Nesta noite beirando a temperatura carioca, de 30 graus para cima em todo Brasil, eu Lúcia e minha amiga Clotilde, voltamos do supermercado. Caminhamos lado a lado praticamente toda a vida. Irmãs inseparáveis, mescladas numa fusão tão natural quanto a vida com a morte. Mas sei que Clotilde tinha inveja de mim, e eu também dela. Sempre fui a mais bonita do nosso grupinho, e suas críticas pontudas com meu rosto não me restam dúvidas. Quando ela trabalhava como costureira para ajudar a mãe, pedi um favor: remendar perfeitamente um vestido recém-adquirido. Ela apertou demais até estragar o vestido, e eu precisava urgentemente usá-lo. Chateada, saí da casa cheia de cólera, amaldiçoando Deus e os bêbados os quais me assoviaram. Ou daquela vez em que sua paixonite da escola vivia a confundindo com promessas, mas no fim, no entardecer duma madrugada, sua boca é quem adocicou a minha. Paramos de nos falar por uns meses, mas pela nossa amizade ser mais dura que rochedos, voltamos a papear como velhas amigas que somos. 
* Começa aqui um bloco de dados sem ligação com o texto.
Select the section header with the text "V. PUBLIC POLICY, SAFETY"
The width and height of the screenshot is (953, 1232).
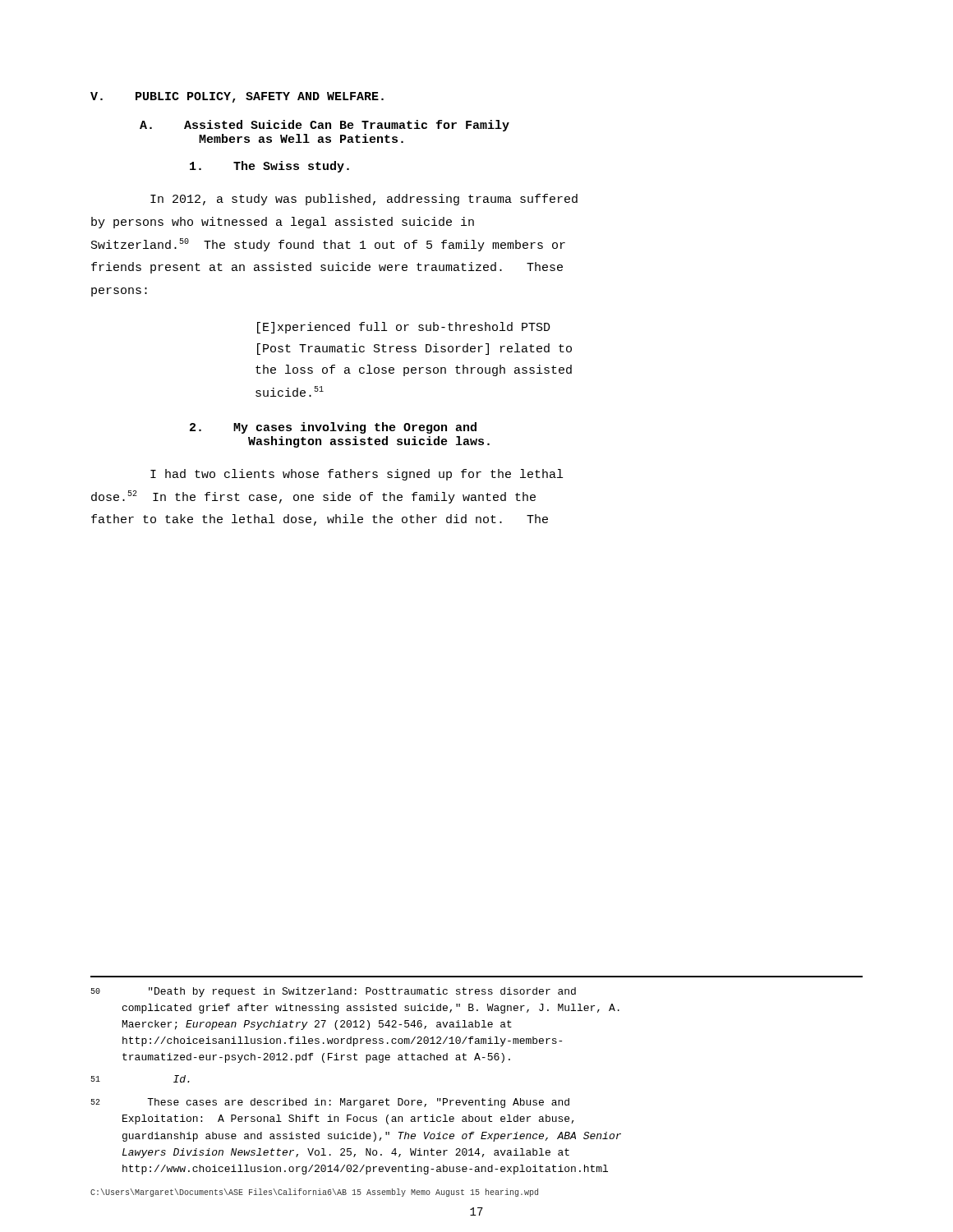[238, 97]

Clotilde é uma boa pessoa, mas cá entre nós, é carrancuda, não tem beleza e nem apreço em se cuidar como eu me cuido. Nunca ligou para as coisas mais comuns da mulher. Invejava meus namoradinhos, mas poxa, parecia viver sobre escombros de uma bruxaria qualquer. Tadinha, mas era trabalhadora, desde a idade prematura herdou uma responsabilidade a qual eu nunca tive. Sei que meus amigos e pais me mimaram por muito tempo. Tive todas as oportunidades (mal aproveitadas), no inverso, ela já sabia que se não juntasse uma grana, passaria fome. Vida difícil em todos os sentidos. Era calma e estudiosa e só saía do quarto quando eu a visitava. Era o meu bichinho do mato, pereba do sapato que não sai. Minha inveja é da parte da disciplina, enquanto gastei rios de dinheiro com bobagens, ela reservou e sempre contava cada centavo escorrido de suas mãos em direção ao bolso. 

Preparadas com as sacolinhas caminhando serenas, o calor de matar me traz memórias tão engraçadas. Hoje nós rimos de coisas que passamos, a maturidade nos foi dada, ainda bem que não tem inveja e homem nenhum que nos separe… exceto este que avisto. Caminhamos avistando um menino com os braços cruzados fitando as nuvens e para nós. 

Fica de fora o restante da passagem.